— Нора, а не жилище… Вот комбату мы отгрохали блиндаж! Хоромы. Внутри — все, как у людей: стол, табуретки…
— Куда нам до начальства, — усмешливо съязвил Сикерин. — У нас и труба пониже, и дым пожиже.
В сумерки взвод в полном боевом, миновав опустевшую Покровку, вышел в пойму. Юров, ориентируясь в темноте по каким-то только ему известным меткам, вел нас через луг к берегу Дона.
— Держаться след в след, — предупредил заранее. — Тут мин понатыкано! Чуть в сторону — и поминай, как звали…
Мы шли за ним гуськом, тихо переговариваясь. Несли на плечах наши «максимы», разъятые на две части: станок с катками и ребристый кожух ствола. Увесистый станок больно отдавливал плечи. Поэтому номера расчета периодически менялись ношей. В призрачном лунном сиянии медно отсвечивали кусты ивняка, под ногами мягко пружинила податливая луговая тропка.
Впереди вспыхнула ракета. Юров остановился.
— Теперь — ша, — сказал он негромко. — Языки прикусить, котелками не брякать.

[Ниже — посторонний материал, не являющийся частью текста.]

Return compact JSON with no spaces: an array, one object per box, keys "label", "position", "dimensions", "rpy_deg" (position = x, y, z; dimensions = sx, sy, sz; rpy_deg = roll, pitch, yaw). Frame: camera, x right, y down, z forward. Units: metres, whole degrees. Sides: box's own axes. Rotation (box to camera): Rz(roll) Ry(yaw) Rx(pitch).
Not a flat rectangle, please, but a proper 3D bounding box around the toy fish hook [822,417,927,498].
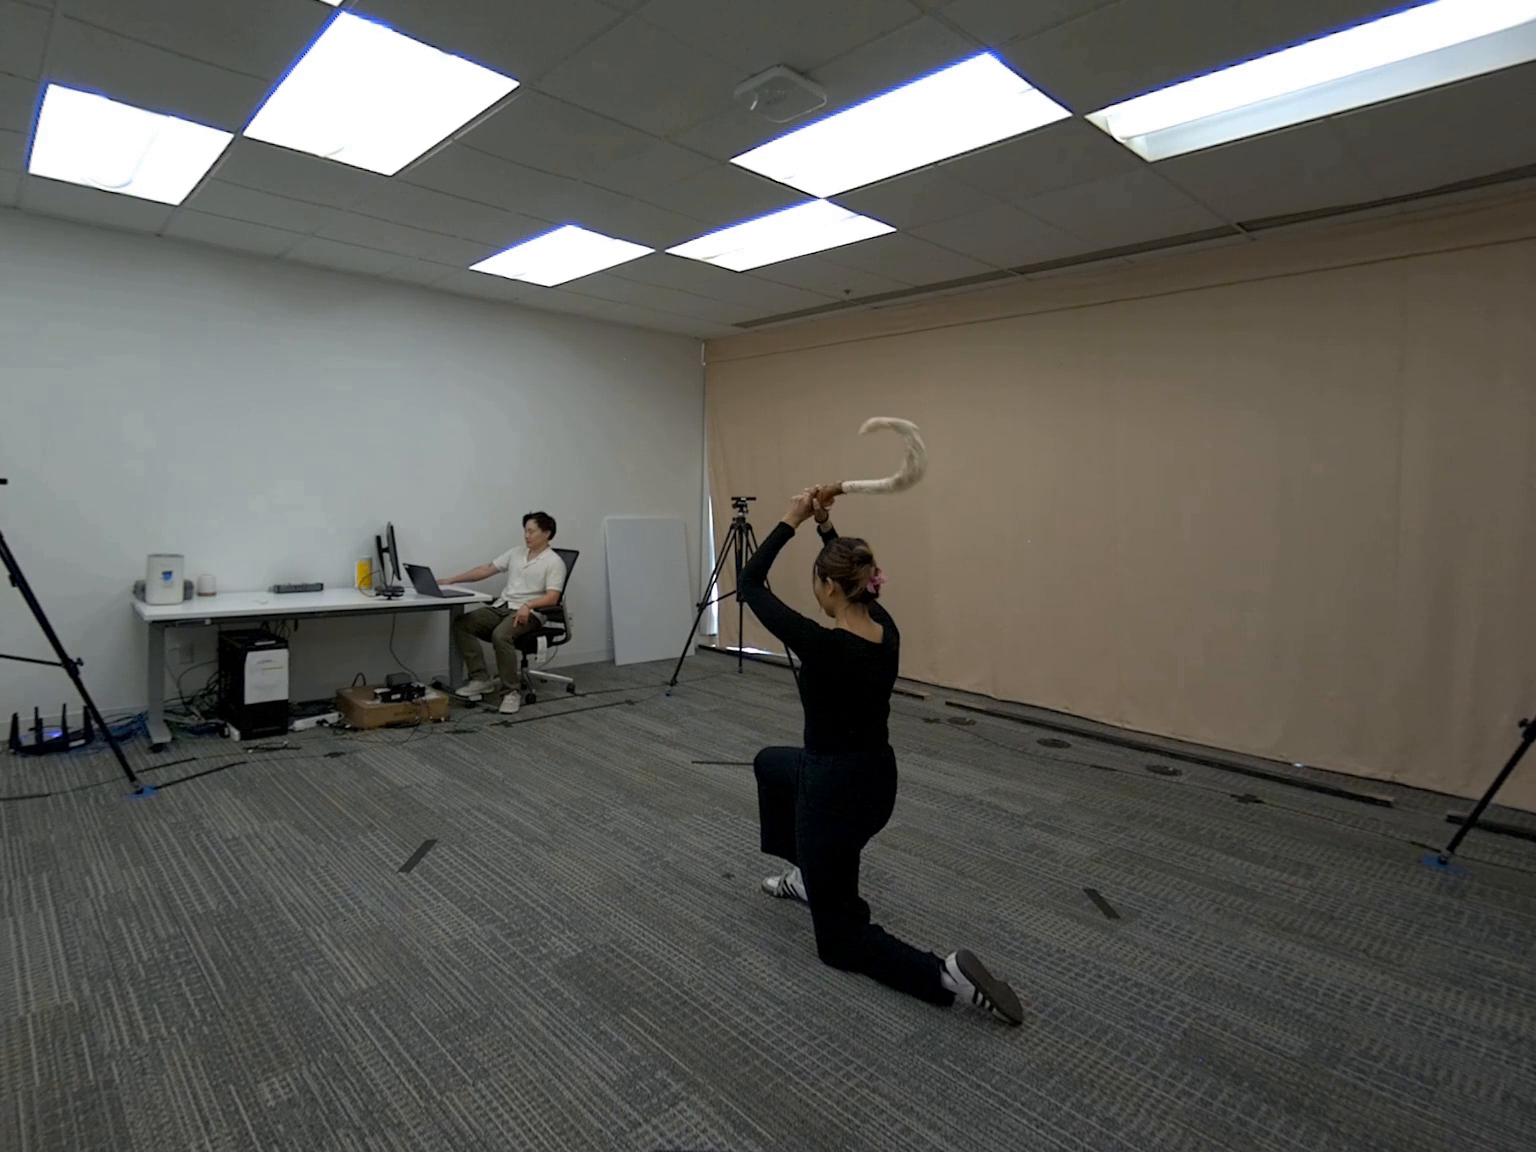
[{"label":"toy fish hook","position":[0.239,-0.326,2.541],"dimensions":[0.047,0.225,0.514],"rpy_deg":[-10,-5,-45]}]

В боевом охранении взвод провел две недели. Днем не высовывались из окопов — с высокого правого берега они хорошо просматривались. Стоило чуть приподняться над бруствером, как тут же немцы били из автомата или пулемета. В связи с этим был определен четкий порядок: в дневное время «максим» устанавливали в дзоте у амбразуры, ночью его выносили в открытую ячейку, выдвинутую ближе к реке. Два других пулеметных расчета, приданные стрелковым взводам, находились на левом фланге боевого охранения. По ночам мы с Булыгиным навещали их. Шли друг за другом метрах в десяти. Лейтенант — с пистолетом в руке, я — с автоматом на изготовку. В любую минуту можно было напороться на вражескую разведку.
Реку часто освещали ракеты с нашей и немецкой стороны, тогда мы падали в траву и замирали, пока ракета не погаснет. Не идешь, а крадешься. Хрустнет под ногой ветка — остановишься, прислушаешься. Вдруг откуда-то из-под земли тихий оклик:
— Стой! Кто идет?
Называешь пароль, спускаешься в окоп к дежурному бойцу.
— Как тут?
— Пока тихо.
Идем дальше. Расспрашиваем стрелков, где и какие огневые точки противника засечены. Добираемся до своих пулеметчиков. Вручаем газеты и письма. Даем короткие наставления.
За время пребывания в боевом охранении наш взвод не потерял ни одного человека! Вроде бы и фронт… И пули свистели… И снаряды рвались… А никакого кровопролития. Такая «тихая оборона», спокойное течение реки, отделявшей нас от врага, видимо, усыпили тревожное чувство, которое мы испытали поначалу, оказавшись на переднем крае. С таким настроением мы и вернулись в первых числах августа из боевого охранения в свои окопы в Покровке.
Назавтра, с утра, в роту пришел комиссар батальона Колчин и приказал Ходаку собрать пулеметчиков в колхозном сарае, заслоненном от наблюдения противника рядами домов. Лицо у комиссара — необычно напряженное, в глубоко посаженных темных глазах — строгость, полные губы — сжаты. «Чего это он сегодня такой хмурый, не похожий на себя?» — забеспокоились все,
— Тихо, товарищи! — Федор Парфенович вынул из планшетки бумагу. — Слушайте приказ номер 227…
И начал читать приглушенным голосом, с паузами:
«…После потери Украины, Белоруссии, Прибалтики, Донбасса и других областей у нас стало намного меньше территорий, стало быть, стало намного меньше людей, хлеба, металла, заводов, фабрик… Мы потеряли более 70 миллионов населения, более 800 миллионов пудов хлеба в год и более 10 миллионов тонн металла в год… У нас нет уже теперь преобладания над немцами ни в людских резервах, ни в запасах хлеба. Отступать дальше — значит загубить себя и загубить вместе с тем нашу Родину. Каждый новый клочок оставленной нами территории будет всемерно усиливать врага и всемерно ослаблять нашу оборону, нашу Родину… Пора кончать отступление… Ни шагу назад!.. Надо упорно, до последней капли крови защищать каждую позицию, каждый метр советской территории, цепляться за каждый клочок советской земли и отстаивать его до последней возможности…»
Суть этого документа и теперь потрясает. А тогда, в сорок втором, суровая прямота его ударила по самому сердцу. Мы слушали комиссара и в какие-то минуты начисто освобождались от закравшейся в нас успокоенности. Каждый всем своим существом еще и еще раз осознавал, какая смертельная опасность нависла над страной.
Это был час отрезвления от временного благодушия. И очень кстати: нас ждал Коротояк.